According to the manufacturing method of the present invention, the length of the support long body can be made long by controlling the inertia moment of the roll within a certain range by attaching a flywheel to the support delivery roll. Also, it is possible to effectively suppress the vibration of the support and the laminated body, and it is possible to prevent uneven rotation speed of the roll and uneven compression of the phosphor layer due to the uneven rotation speed. That is, the calendering treatment can be stably carried out even if the elongated support is long. Further, since the applicable pressure range of the calendar roll can be widened, it is possible to freely set the pressure according to the purpose. Further, since it is possible to prevent unevenness in the packing density of the phosphor, the radiation image conversion panel manufactured by using the manufacturing method of the present invention can give a radiation image without image defects such as image unevenness. .

[Brief description of drawings]

FIG. 1 is a schematic cross-sectional view of a calendar processing apparatus used in a manufacturing method of the present invention.

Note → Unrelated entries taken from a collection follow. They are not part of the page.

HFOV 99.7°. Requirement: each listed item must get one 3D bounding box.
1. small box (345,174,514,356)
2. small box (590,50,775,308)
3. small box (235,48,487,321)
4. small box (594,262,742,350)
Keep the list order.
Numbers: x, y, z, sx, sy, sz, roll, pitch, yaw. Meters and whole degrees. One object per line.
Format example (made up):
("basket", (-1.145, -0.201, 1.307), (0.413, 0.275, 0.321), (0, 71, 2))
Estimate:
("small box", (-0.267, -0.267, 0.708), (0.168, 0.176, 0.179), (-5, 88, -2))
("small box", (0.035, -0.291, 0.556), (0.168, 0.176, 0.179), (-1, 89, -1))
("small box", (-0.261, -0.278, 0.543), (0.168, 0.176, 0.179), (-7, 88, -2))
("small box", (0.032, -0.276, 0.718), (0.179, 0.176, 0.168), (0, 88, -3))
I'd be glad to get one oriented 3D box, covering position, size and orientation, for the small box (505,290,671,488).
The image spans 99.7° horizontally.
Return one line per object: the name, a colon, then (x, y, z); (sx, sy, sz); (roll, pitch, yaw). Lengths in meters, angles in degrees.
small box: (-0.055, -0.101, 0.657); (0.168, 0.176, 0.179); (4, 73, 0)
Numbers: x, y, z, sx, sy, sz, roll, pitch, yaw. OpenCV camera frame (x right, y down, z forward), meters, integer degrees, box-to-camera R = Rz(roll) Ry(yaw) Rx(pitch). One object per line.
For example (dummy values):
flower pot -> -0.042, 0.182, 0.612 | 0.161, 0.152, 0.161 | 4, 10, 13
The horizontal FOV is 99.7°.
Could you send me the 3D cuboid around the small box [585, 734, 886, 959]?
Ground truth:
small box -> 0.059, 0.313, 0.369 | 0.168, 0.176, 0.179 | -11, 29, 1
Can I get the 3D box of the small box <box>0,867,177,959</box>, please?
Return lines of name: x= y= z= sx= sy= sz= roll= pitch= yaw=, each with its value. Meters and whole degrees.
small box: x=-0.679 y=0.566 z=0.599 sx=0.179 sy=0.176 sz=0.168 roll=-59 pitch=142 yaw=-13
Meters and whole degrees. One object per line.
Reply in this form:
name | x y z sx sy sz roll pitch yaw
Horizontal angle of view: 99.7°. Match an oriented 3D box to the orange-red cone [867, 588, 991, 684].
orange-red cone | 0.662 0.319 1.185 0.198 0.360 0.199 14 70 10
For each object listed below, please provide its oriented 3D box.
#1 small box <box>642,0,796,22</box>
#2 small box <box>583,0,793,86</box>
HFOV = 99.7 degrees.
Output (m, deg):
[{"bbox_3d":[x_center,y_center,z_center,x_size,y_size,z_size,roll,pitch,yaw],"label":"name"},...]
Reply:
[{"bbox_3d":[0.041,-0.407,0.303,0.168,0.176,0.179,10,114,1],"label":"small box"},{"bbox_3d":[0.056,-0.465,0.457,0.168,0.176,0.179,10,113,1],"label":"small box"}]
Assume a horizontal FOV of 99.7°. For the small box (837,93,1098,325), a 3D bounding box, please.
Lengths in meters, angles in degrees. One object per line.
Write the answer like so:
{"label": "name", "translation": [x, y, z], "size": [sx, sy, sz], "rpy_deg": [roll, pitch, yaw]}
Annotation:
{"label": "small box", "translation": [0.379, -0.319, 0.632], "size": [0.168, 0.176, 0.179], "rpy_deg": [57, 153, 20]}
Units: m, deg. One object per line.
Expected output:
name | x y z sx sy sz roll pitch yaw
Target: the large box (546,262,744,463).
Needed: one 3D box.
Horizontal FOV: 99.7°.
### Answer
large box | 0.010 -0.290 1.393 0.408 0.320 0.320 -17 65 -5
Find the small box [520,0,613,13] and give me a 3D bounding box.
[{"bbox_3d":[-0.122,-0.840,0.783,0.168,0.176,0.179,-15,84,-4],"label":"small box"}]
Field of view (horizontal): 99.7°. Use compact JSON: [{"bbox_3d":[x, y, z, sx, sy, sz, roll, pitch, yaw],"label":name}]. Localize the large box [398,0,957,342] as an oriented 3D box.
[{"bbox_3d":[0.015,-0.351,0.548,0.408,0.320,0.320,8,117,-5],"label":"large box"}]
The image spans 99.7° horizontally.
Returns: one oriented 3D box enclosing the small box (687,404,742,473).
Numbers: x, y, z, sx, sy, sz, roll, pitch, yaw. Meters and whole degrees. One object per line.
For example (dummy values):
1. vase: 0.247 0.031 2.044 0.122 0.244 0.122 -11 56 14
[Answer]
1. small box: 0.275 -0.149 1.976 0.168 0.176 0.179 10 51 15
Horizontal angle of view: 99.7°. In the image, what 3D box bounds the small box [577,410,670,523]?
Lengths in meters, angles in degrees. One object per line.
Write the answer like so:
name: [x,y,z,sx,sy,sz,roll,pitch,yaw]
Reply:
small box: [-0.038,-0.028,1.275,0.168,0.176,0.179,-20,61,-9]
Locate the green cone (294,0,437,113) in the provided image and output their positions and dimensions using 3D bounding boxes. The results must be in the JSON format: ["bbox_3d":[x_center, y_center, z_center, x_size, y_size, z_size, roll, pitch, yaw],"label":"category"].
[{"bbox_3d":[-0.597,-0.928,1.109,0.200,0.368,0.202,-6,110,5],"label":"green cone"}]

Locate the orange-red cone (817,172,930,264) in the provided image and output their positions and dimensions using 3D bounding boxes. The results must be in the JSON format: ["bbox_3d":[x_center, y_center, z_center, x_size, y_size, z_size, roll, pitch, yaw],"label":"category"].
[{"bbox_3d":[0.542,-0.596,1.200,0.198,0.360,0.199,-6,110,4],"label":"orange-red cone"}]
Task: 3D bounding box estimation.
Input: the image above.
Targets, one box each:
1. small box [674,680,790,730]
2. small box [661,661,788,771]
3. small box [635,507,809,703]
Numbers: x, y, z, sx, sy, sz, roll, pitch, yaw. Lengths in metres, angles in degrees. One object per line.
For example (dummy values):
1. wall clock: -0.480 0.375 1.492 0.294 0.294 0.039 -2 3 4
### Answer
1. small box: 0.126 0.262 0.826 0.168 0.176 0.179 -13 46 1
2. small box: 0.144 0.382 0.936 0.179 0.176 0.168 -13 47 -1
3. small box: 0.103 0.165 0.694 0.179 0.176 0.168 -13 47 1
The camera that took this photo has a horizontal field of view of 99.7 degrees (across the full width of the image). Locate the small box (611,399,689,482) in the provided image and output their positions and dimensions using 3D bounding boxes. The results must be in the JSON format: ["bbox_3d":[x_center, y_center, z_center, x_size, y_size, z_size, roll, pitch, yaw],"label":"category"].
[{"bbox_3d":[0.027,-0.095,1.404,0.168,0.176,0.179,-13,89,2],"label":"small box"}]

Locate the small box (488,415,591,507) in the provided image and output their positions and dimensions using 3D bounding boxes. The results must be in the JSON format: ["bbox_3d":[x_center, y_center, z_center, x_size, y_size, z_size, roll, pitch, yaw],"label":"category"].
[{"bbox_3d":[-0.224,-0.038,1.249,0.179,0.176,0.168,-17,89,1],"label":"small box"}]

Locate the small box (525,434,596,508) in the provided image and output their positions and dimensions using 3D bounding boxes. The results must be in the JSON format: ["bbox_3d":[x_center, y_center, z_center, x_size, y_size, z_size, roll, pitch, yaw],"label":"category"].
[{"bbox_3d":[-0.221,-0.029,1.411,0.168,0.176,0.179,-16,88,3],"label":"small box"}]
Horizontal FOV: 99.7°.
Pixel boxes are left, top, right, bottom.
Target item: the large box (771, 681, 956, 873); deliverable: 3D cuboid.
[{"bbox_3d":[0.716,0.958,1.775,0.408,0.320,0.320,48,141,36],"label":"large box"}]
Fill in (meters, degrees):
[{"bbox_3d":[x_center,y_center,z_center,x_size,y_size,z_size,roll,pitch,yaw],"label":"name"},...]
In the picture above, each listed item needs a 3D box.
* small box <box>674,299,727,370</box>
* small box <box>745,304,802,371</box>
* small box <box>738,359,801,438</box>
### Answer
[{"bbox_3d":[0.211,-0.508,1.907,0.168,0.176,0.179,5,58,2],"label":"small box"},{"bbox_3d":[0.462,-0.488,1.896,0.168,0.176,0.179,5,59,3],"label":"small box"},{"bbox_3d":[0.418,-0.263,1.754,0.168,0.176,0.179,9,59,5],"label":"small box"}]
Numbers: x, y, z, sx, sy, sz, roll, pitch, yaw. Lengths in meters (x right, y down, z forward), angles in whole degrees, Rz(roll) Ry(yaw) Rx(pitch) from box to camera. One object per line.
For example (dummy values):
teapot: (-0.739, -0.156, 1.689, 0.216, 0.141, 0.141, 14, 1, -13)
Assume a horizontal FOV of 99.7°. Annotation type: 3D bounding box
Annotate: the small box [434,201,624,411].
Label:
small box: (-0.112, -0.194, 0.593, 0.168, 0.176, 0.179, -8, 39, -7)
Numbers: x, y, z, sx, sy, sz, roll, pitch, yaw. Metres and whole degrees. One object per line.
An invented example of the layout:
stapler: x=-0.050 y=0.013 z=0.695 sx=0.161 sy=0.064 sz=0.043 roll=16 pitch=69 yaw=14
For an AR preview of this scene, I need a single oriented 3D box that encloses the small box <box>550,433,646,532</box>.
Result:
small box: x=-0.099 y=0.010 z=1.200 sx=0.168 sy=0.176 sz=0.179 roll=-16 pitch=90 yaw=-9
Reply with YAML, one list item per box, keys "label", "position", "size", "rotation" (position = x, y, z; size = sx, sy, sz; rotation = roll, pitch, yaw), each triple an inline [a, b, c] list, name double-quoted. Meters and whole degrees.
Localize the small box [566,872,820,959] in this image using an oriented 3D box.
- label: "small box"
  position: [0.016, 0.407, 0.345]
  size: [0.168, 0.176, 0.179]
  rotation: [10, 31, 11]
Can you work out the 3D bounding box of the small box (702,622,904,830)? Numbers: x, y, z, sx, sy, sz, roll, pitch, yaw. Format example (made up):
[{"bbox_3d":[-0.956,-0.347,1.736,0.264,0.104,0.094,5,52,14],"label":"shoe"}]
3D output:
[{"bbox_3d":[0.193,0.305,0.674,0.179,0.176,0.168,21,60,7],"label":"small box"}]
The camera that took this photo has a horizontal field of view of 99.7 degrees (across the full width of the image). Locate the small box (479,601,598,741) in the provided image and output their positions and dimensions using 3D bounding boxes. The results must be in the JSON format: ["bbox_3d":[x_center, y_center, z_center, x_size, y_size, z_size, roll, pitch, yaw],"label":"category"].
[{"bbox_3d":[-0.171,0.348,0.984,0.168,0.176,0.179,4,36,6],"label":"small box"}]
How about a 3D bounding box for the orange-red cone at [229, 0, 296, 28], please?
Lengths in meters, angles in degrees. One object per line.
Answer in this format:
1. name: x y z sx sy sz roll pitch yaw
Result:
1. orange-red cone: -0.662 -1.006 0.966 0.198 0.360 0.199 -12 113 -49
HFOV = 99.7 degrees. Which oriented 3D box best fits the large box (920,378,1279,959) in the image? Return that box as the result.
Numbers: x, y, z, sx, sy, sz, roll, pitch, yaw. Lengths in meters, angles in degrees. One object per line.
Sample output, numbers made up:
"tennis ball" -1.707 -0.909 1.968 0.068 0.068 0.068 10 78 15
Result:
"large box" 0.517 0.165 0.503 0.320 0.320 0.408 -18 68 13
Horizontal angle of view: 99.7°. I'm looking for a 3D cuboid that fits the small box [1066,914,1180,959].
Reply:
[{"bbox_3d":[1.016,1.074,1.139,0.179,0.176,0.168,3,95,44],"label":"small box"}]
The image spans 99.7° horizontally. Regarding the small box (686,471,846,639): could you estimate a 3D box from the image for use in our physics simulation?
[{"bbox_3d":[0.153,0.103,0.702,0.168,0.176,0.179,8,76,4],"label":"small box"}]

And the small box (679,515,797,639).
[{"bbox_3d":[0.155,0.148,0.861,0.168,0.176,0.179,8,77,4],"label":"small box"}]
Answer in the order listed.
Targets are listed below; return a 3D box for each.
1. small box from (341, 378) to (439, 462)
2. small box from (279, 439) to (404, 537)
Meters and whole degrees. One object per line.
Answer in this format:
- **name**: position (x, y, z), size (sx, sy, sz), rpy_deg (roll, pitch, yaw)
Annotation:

2 is a schematic side view of a support delivery roll provided in the apparatus of FIG. 1. FIG.

[Explanation of symbols]

11 Support delivery roll 13 Phosphor sheet delivery roll 15 Temporary support winding roll 17 Primary Calendar Roll 18 Secondary Calendar Roll 20 Laminate roll 31 roll body 32 roll axis 33 flywheel

   ─────────────────────────────────────────────────── ─── Continued front page    (72) Inventor Hiroki Saito             798 Miyadai, Kaisei-cho, Ashigarakami-gun, Kanagawa Prefecture             Shishi Film Co., Ltd. F term (reference) 2G083 AA03 BB01 CC02 CC04 EE02

Claims (8)

[Claims] 1. A method for producing a long body of a radiation image conversion panel having a phosphor layer on a support, comprising a delivery roll whose moment of inertia is controlled within a range of 0.5 to 20 kg.m ^2. , A long support is fed under tension, while a long phosphor sheet made of a phosphor and a binder is fed out under tension from another feed roll, and the support and the By stacking the phosphor sheet and pressing it under heating with a calendar roll, the phosphor sheet is adhered to form a phosphor layer on the support, and at the same time, the phosphor layer is compressed, and then the phosphor layer is pressed. A method comprising winding a support provided with a layer with a winding roll under tension. ^2. The method of manufacturing a radiation image conversion panel according to claim 1, wherein the moment of inertia of the support delivery roll is controlled within a range of 0.5 to 10 kg · m ² . 3. The method of manufacturing a radiation image conversion panel according to claim 1, wherein a flywheel is mounted on a fixed shaft of the support delivery roll to control the moment of inertia of the delivery roll. 4. The method for producing a radiation image conversion panel according to claim 1, wherein the difference between the tension when the support is fed out and the tension when the support is wound is 1000 g / cm or less. . 5. The method of manufacturing a radiation image conversion panel according to claim 1, wherein the diameter of the support delivery roll is in the range of 100 to 2000 mm. 6. The method for manufacturing a radiation image storage panel according to claim 1, wherein the diameter of the support take-up roll is in the range of 100 to 2000 mm. 7. The method of manufacturing a radiation image storage panel according to claim 1, wherein the elastic modulus of the elongated support is in the range of 1000 to 10000 MPa. 8. The method of manufacturing a radiation image storage panel according to claim 1, wherein the elastic modulus of the elongated phosphor sheet is in the range of 50 to 500 MPa.